(Items listed in a dataset)
·····
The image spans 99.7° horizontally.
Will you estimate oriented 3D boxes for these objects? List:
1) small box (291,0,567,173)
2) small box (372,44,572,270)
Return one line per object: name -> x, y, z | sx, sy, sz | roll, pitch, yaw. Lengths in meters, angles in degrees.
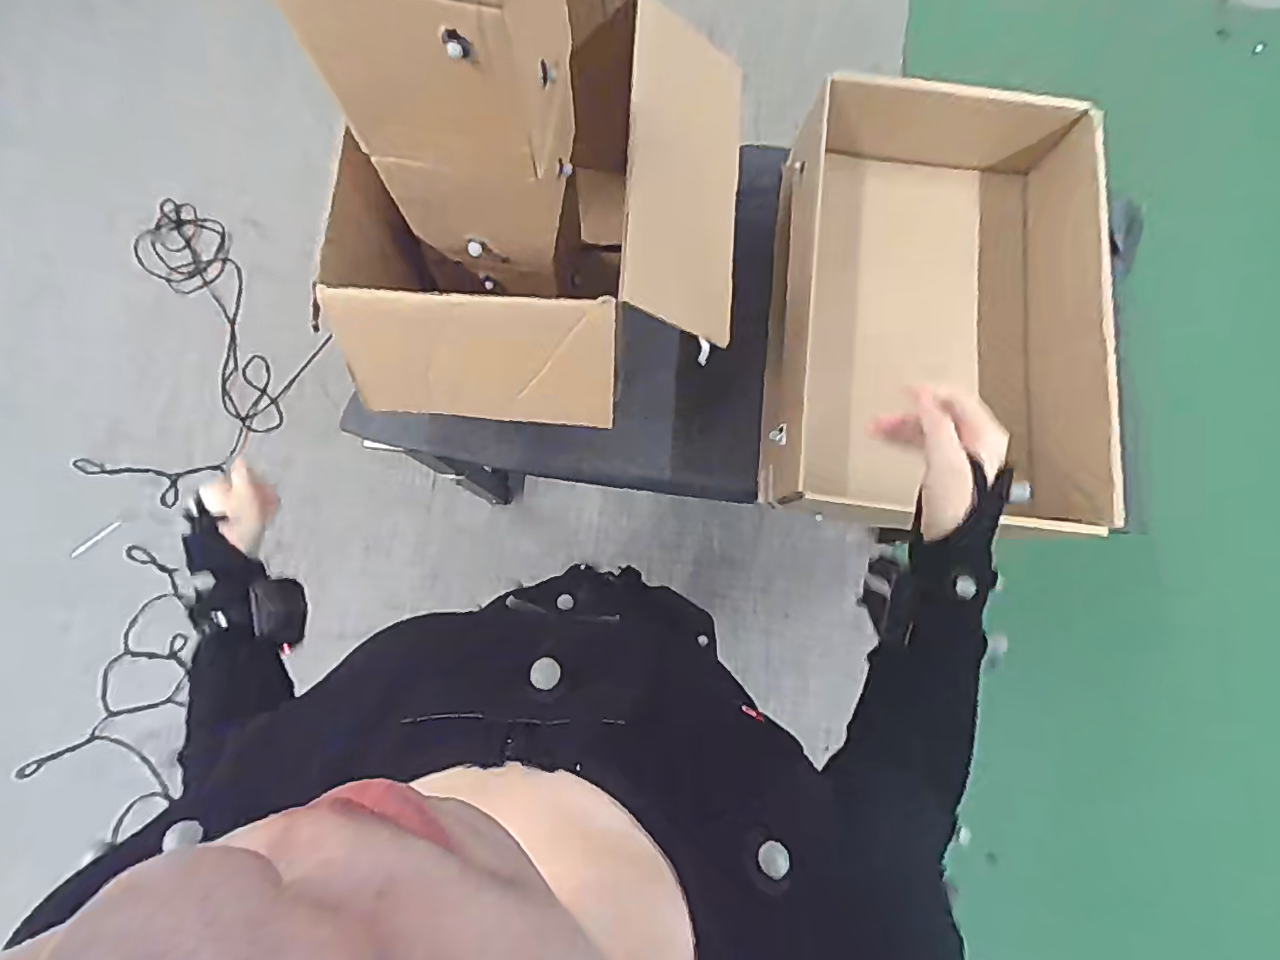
small box -> -0.167, -0.398, 0.460 | 0.179, 0.176, 0.168 | 9, 80, -2
small box -> -0.173, -0.374, 0.620 | 0.168, 0.176, 0.179 | 8, 82, -2
·····
_WHAT IS BEING ASKED_
In the answer, the data should reappear exactly, with no pictures.

_RESPONSE TO THIS TASK_
The image spans 99.7° horizontally.
Will you estimate oriented 3D boxes for these objects? List:
1) small box (291,0,567,173)
2) small box (372,44,572,270)
Return one line per object: name -> x, y, z | sx, sy, sz | roll, pitch, yaw. Lengths in meters, angles in degrees.
small box -> -0.167, -0.398, 0.460 | 0.179, 0.176, 0.168 | 9, 80, -2
small box -> -0.173, -0.374, 0.620 | 0.168, 0.176, 0.179 | 8, 82, -2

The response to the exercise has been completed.